ZAGHLOUL MORSY
Tout comme Mohamed Loakira, Zaghloul Morsy n'a pour mystère que d'être poète. M'accordera-t-on qu'il est aussi romancier. Mais c'est sa poésie qui révèle le mieux sa vérité intérieure. En dépit d'une certaine préciosité et d'une ondulation d'écriture subtile, l'accent de cette poésie atteste la présence d'un véritable poète. Ni délire ni incohérence, Morsy montre même une certaine autorité. Ses vers échappant à toute opacité; restent transparents, et leur netteté est cristalline. Il est de toute évidence un poète doué. Dès la première oeuvre, "D' un Soleil réticent", on entrevoit le travail qui s'opère dans l'émerveillement et la surprise. N’est-ce pas qu’il tranchait avec les autres poètes de sa génération, s'exprimant en une forme hors de toute confusion. Son oeuvre, patiente et solide, brillant d'un éclat rare, ne peut trouver son compte qu'avec le lecteur infatigable et impénitent. A certains égards, elle met en place un art poétique continuellement dans la relance. Et c'est par là que le poète est prodigieux. Morsy ressentait mieux que personne un besoin de représenter les choses humaines.
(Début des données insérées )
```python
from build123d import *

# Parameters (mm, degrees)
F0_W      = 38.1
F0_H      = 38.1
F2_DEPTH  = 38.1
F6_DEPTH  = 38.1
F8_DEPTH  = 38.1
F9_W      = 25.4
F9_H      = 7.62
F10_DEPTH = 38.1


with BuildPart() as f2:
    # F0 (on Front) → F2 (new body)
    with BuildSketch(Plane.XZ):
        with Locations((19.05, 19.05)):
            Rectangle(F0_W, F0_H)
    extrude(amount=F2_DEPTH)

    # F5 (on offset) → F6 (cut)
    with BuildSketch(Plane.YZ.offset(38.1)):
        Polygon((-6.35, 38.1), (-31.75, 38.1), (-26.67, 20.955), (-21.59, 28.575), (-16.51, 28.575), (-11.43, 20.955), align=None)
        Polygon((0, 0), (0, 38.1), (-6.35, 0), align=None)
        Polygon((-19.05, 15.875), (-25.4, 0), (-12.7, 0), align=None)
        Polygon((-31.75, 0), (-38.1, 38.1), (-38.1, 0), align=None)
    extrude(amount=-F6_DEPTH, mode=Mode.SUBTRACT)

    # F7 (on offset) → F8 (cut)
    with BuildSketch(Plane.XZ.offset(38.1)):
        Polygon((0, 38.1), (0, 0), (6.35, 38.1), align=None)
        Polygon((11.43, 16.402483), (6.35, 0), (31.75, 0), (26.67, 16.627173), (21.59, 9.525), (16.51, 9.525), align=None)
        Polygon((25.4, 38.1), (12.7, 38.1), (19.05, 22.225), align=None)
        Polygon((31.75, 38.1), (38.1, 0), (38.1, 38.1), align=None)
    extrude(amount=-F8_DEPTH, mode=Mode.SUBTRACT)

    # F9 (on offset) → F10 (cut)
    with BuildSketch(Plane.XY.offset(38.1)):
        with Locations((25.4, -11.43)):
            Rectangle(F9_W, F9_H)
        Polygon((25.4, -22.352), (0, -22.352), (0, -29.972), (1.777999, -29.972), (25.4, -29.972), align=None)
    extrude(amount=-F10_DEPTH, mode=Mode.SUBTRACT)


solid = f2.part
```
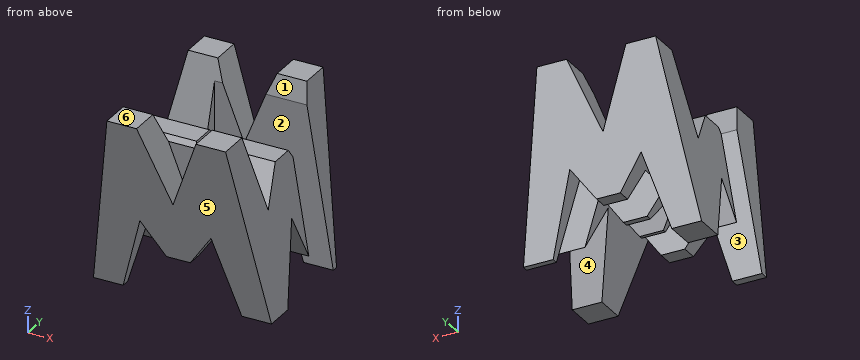
Can you work these out from the model? Positions are in its coordinate system, mm. Face numbers are marked on the shaded views. A direction names the side the tool comes from. Round coordinates to 2 decimals unless told otherwise and drop trailing zeros. Loops run counter-clockwise (first coordinate to the right, second up) from the corner with the lowest first, then second, coordinate; pieces in that order, holes last. Notation, with made-up numbers: M 75,42.25 L 118,42.25 A18 ccw 118,59.25 Z; hole C 70.25,-28 d11. An arc over 180 degrees is marked long. Write item = value, one per line. Start each with the question number.
(1) Suppose I cut it at A-A on x = 28.5. Write out the boundary of the cut face in (y, z) (3 decimals), plus the area to 3 significant figures.
(2) I'm going to push flat-ended pins straight in: P1, Ø22.5, axis at x = 20.5, z = 13, coming from the +Y side; P2, Ø4, axis at y = -27.5, z = 25, coming from the -X side; P3, Ø1, axis at x = 29, z = 11.5, coming from the -Y side; P4, Ø5, axis at y = -26, z = 34, coming from the -X side. Where does each tip first touch, or does it pass through?
(3) Suppose I cut it at C-C on x = 7.5. Write out the boundary of the cut face in (y, z) (3 decimals).
(4) I need wall thicknesses on line 1 along Y through (x, z) = (30.5, 7.5); line 2 along X through (y, z) = (-17, 11); line 3 along X through (y, z) = (-17, 13). Which ranges of each line are inside material? Lowest first, please.
(5) Which directions (+Z, -Z, +X, -X, +Y, -Y) give clear straight access to the entire face, cutting with the end or side of a thin tool? Please do the marked faces 1, 2 and 3.
(6) If we mould it in two halves opening along Y, with no side actions, what happens to the marked faces 4, 5 and 6? For each: released by +Y, released by -Y, zero draft, split by the parting line, or undercut.
Answer block:
q1.outline = M -38.1,38.1 L -33.523,10.637 L -21.145,10.637 L -19.05,15.875 L -16.955,10.637 L -15.24,10.637 L -15.24,26.67 L -16.51,28.575 L -21.59,28.575 L -26.67,20.955 L -31.75,38.1 Z; M -7.62,10.637 L -4.577,10.637 L 0,38.1 L -6.35,38.1 L -7.62,33.814 Z
q1.area = 525 mm²
q2.P1 = -2.31
q2.P2 = 25.4
q2.P3 = -33.75
q2.P4 = through
q3.outline = M -38.1,38.1 L -32.369,3.713 L -29.972,3.713 L -29.972,32.099 L -31.75,38.1 Z; M -22.352,7.62 L -19.05,15.875 L -14.185,3.713 L -5.731,3.713 L 0,38.1 L -6.35,38.1 L -11.43,20.955 L -16.51,28.575 L -21.59,28.575 L -22.352,27.432 Z
q4.line_1 = -33 to -22.4, -15.7 to -15.24, -7.62 to -5.1
q4.line_2 = 1.83 to 9.76, 15.42 to 22.65, 28.39 to 36.27
q4.line_3 = 2.17 to 10.38, 13.94 to 24.08, 27.78 to 35.93
q5.face_1 = +Z, +X, -X
q5.face_2 = +Z, -Z, +X
q5.face_3 = +Z, -Z, -X
q6.face_4 = undercut
q6.face_5 = released by -Y
q6.face_6 = zero draft
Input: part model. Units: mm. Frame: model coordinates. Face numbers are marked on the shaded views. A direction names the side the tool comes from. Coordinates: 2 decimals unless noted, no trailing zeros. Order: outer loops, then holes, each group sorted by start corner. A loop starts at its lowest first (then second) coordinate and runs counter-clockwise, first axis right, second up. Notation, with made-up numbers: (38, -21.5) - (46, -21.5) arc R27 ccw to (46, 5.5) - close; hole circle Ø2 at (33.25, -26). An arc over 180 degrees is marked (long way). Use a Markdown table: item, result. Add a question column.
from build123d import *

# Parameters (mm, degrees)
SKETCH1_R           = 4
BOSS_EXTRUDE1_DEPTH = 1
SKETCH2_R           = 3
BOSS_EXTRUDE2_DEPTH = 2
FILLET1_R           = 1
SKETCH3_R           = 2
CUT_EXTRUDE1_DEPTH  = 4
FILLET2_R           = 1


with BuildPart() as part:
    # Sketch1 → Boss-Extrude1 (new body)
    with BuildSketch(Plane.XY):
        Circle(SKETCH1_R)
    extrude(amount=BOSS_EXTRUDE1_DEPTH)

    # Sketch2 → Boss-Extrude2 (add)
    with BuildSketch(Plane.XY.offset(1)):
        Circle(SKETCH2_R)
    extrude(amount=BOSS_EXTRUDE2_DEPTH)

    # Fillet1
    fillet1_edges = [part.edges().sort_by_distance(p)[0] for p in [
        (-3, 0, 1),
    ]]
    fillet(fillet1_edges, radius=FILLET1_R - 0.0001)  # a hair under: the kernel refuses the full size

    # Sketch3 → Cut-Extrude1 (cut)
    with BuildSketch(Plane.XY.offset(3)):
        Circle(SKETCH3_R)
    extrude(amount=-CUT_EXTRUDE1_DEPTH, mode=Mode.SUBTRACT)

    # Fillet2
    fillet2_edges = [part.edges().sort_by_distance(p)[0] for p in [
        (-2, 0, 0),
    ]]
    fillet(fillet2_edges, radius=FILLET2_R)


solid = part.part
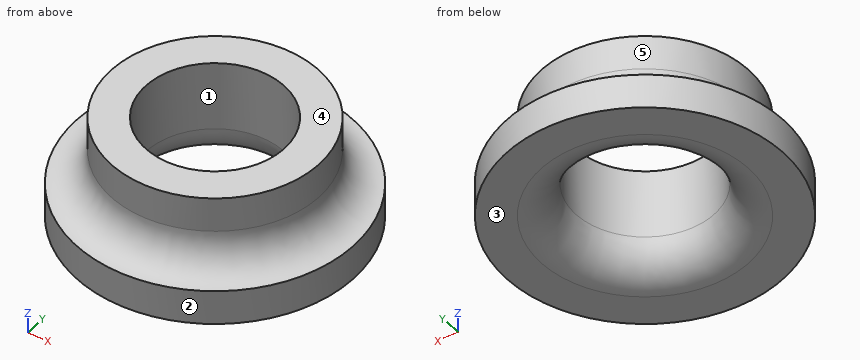
1) Cut plane D-D (z = 0.4). Return the cut outline in (x, y), and give its area (3 significant figures).
2) Contact query for a flat-ended pin moving along its axis: P1, Ø4.5, axis at x = 0, y = 0, coming from the -Z side. Output: stop coordinate, or through.
3) Cut plane C-C (z = 2.4). Return the cut outline in (x, y), and give its area (3 significant figures).
4) Pull-direction query (X, two-part tool) for the marked faces 1, 2 and 3; classes: pulls with the +X half, pulls with the -X half, needs draft (parallel to the pull), parting line crosses it, or undercut.
5) Reachability of the marked faces 4 and 5 from +Z, -Z, +X, -X, +Y, -Y: full face, straight path, thin tool, end or side. Return the list, or none.
6) Material intervals for L1, parallel to Y at x = 0, z = 1.95; L2, parallel to Y at x = -1.75, z = 1.5; L3, parallel to X at y = 0.5, z = 1.25, sorted ascending.
Computed:
| question | item | result |
|---|---|---|
| 1 | outline | circle Ø8 at (0, 0); hole circle Ø4.4 at (0, 0) |
| 1 | area | 35.1 mm2 |
| 2 | P1 | stops at z = 0.34 |
| 3 | outline | circle Ø6 at (0, 0); hole circle Ø4 at (0, 0) |
| 3 | area | 15.7 mm2 |
| 4 | face 1 | undercut |
| 4 | face 2 | parting line crosses it |
| 4 | face 3 | needs draft |
| 5 | face 4 | +Z, +X, -X, +Y, -Y |
| 5 | face 5 | +Z |
| 6 | L1 | y = -3 to -2, 2 to 3 |
| 6 | L2 | y = -2.6 to -0.97, 0.97 to 2.6 |
| 6 | L3 | x = -3.3 to -1.94, 1.94 to 3.3 |

J’avais pour lui une fervente et affectueuse admiration.
J’ai eu l’indéfectible bonheur de le rencontrer à Paris. Il m’avait donné rendez-vous au coin de la rue où il habitait dans Montparnasse. Je pense qu’il était encore en fonction à L'UNESCO. Tout de suite, il avait remarqué mon trouble et ma timidité derrière mes Ray Ban. Lorsqu’il eut appris que je m’intéressais à sa poésie, il partit dans un discours et je fus littéralement embarqué sans la moindre halte pour lui donner l’échange. Il enfila sur la ville ocre dont il était originaire avec beaucoup d’aise et une nostalgie qu'il avait du mal à dissimuler. J'ai découvert qu'il avait un très grand besoin d'expression qui venait de son attachement au pays. Morsy m’avait paru impitoyablement fidèle aux sources vives, celles qu'on entretient secrètement en nous. En cette âme d’où montaient tant de choses apaisées, on pouvait percevoir une secrète fêlure. Sa voix, si accordée au souffle s’élevait pour témoigner de l’heure des souvenirs, et la rumeur qui lui parvenait, était heureuse me semblait-il. La nostalgie l’avait pris, et il ne pouvait s’y dérober. Il resta courtois et cérémonieux à la fois, retrouvant sa sérénité en parlant de sa vie parisienne et de son second recueil, « Gués du temps » que j’avais dévoré la veille de notre rencontre et qu’il m’a gentiment dédicacé; un recueil dont l’ordonnance est parfaite: tous les poèmes s’en organisent en un ensemble cohérent. La langue est savamment inventée. Et cela n’exclue ni l’émotion ni la sensibilité. La louange de la vie chante avec tout ce qu’elle a d’intime. Morsy est un musicien à l’écho secret, legs probablement venu de son père. Et ce n’est pas hasard d’avoir titré un poème « Cry me a river », un standard de jazz américain signé par Arthur Hamilton, chanté pour la première fois par Julie London en 1955, repris par Ella Fitzgerald qui en donna une version stupéfiante.
Morsy demeure pour moi un poète habité par une certitude tout à fait solaire. Il sait mesurer et apprécier la vertu poétique jusqu’à créer chez son lecteur un état poétique au sens que lui donne Paul Valéry. La magie est là. Se tenant depuis quelques années dans une réserve rare, je lui avais glissé dans la conversation que je préparais un essai sur la poésie marocaine de langue française pour les Éditions Shenna-Nizet, chapeauté par l'université de Bari (Italie), Il eut un sursaut. Un mois plus tard, il m’envoie une lettre exquise, m’encourageant pour mon travail en me gratifiant de quelques inédits, écrits à cet effet: des poèmes qui ont la pure fluidité de l'onde. Morsy tranchait avec les poètes retenus pour mon travail, s'exprimant en une forme hors de toute confusion. Il ressentait mieux que tous les autres un besoin de représenter les choses humaines. J’ai relu ses lettres et toute son oeuvre dernièrement et c’est merveille.